[Stored data]
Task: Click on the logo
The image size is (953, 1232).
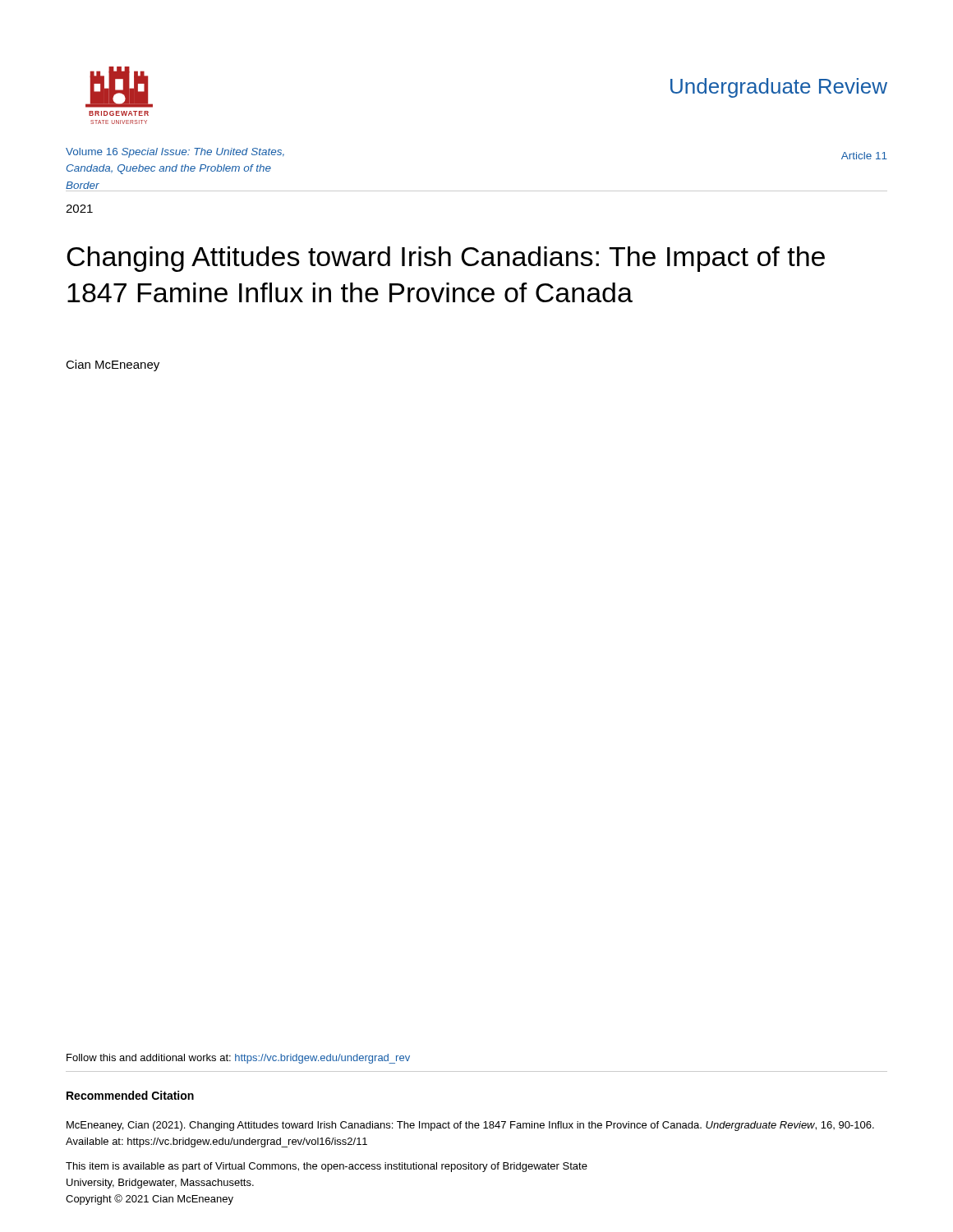Action: pos(119,92)
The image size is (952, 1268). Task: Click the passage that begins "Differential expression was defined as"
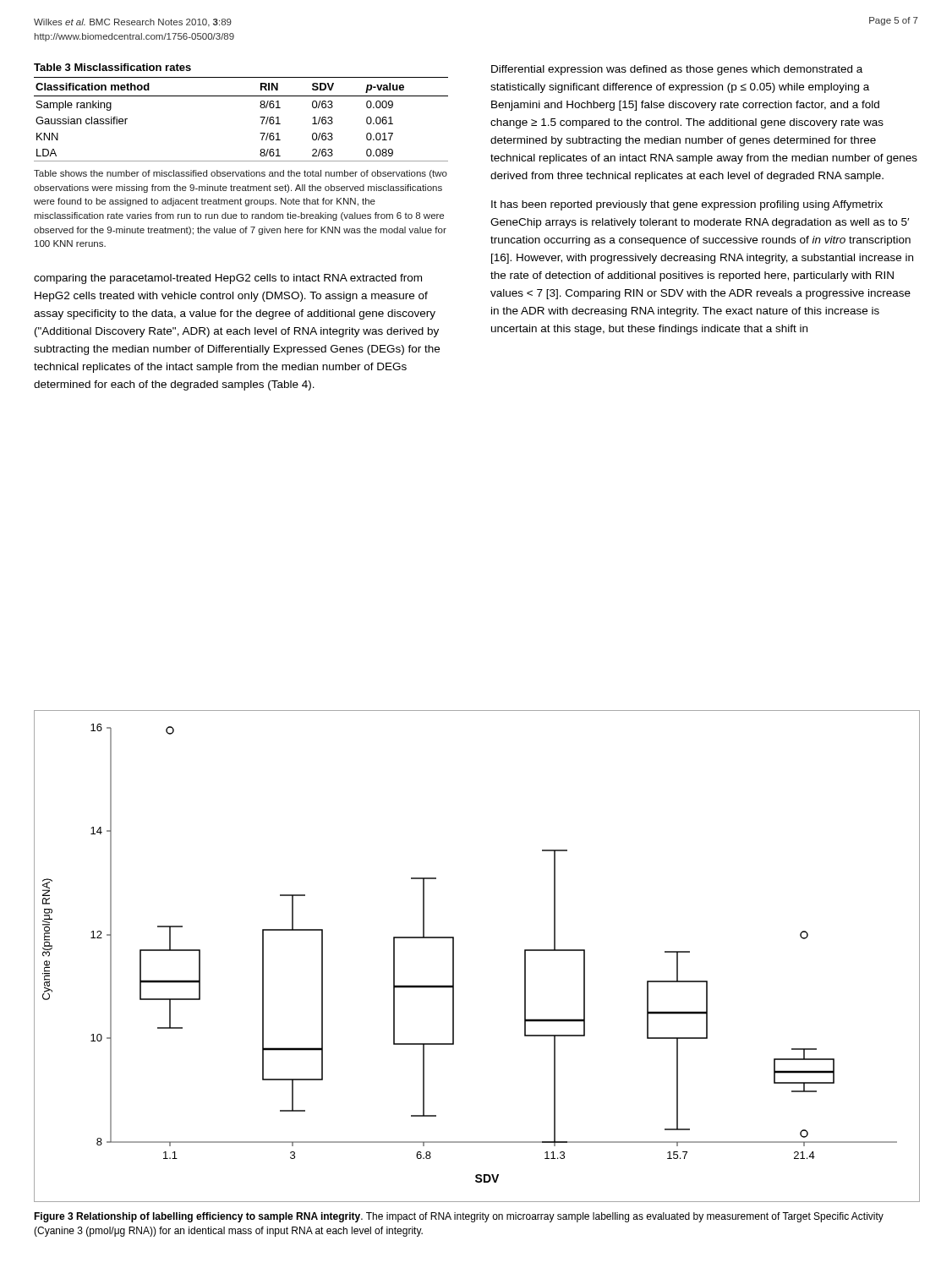tap(704, 122)
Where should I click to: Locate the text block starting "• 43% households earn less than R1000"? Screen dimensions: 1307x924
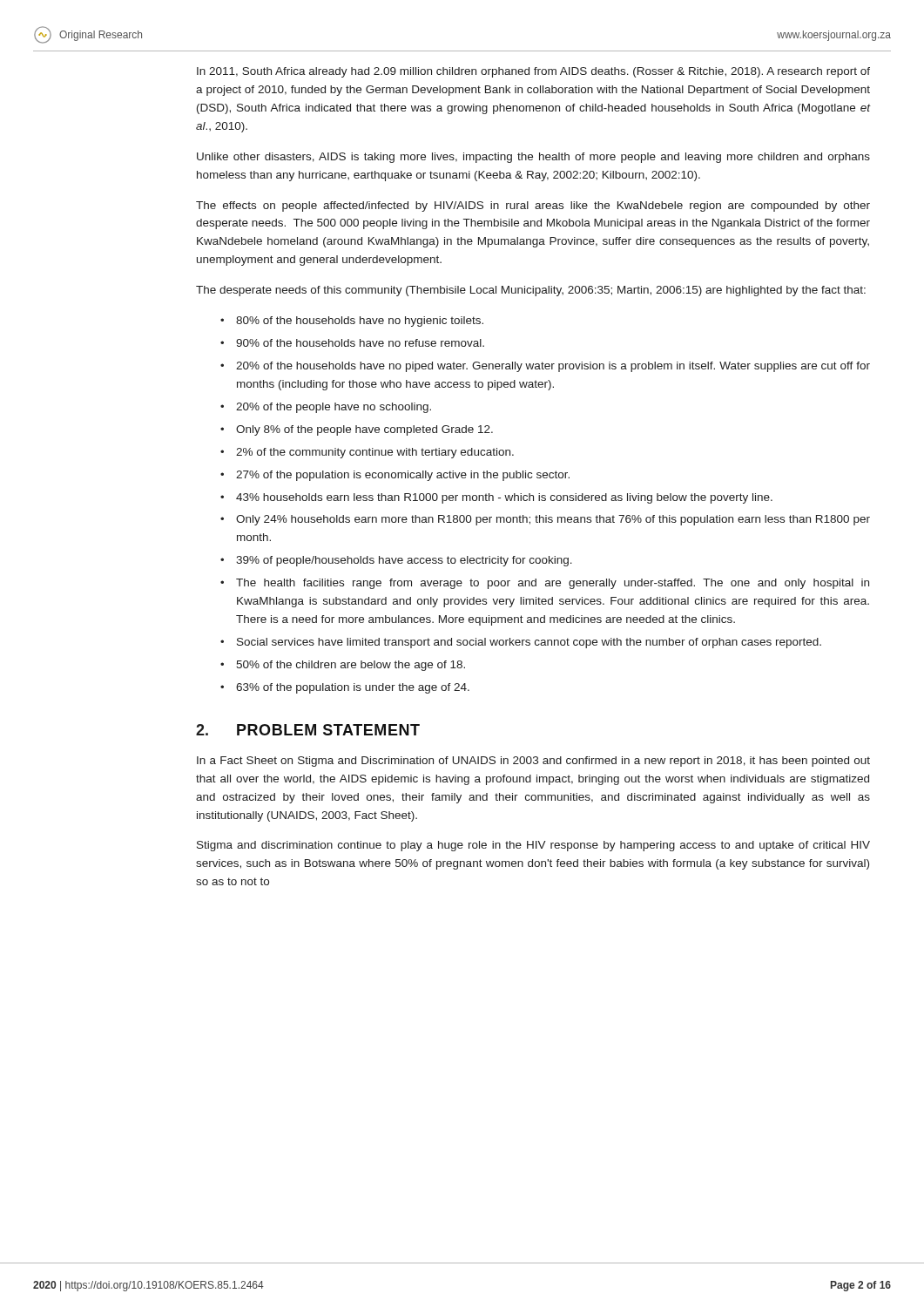coord(545,498)

* [PROBLEM DESCRIPTION] From the first line to the last, retype the data above exactly, but not its images.

* [REPLY]
Task: Click on the logo
The image size is (953, 1232).
Action: pos(119,92)
The image size is (952, 1268). Task: Click the passage that begins "Differential expression was defined as"
tap(704, 122)
Where should I click to: Locate the text block starting "• 43% households earn less than R1000"? Screen dimensions: 1307x924
coord(545,498)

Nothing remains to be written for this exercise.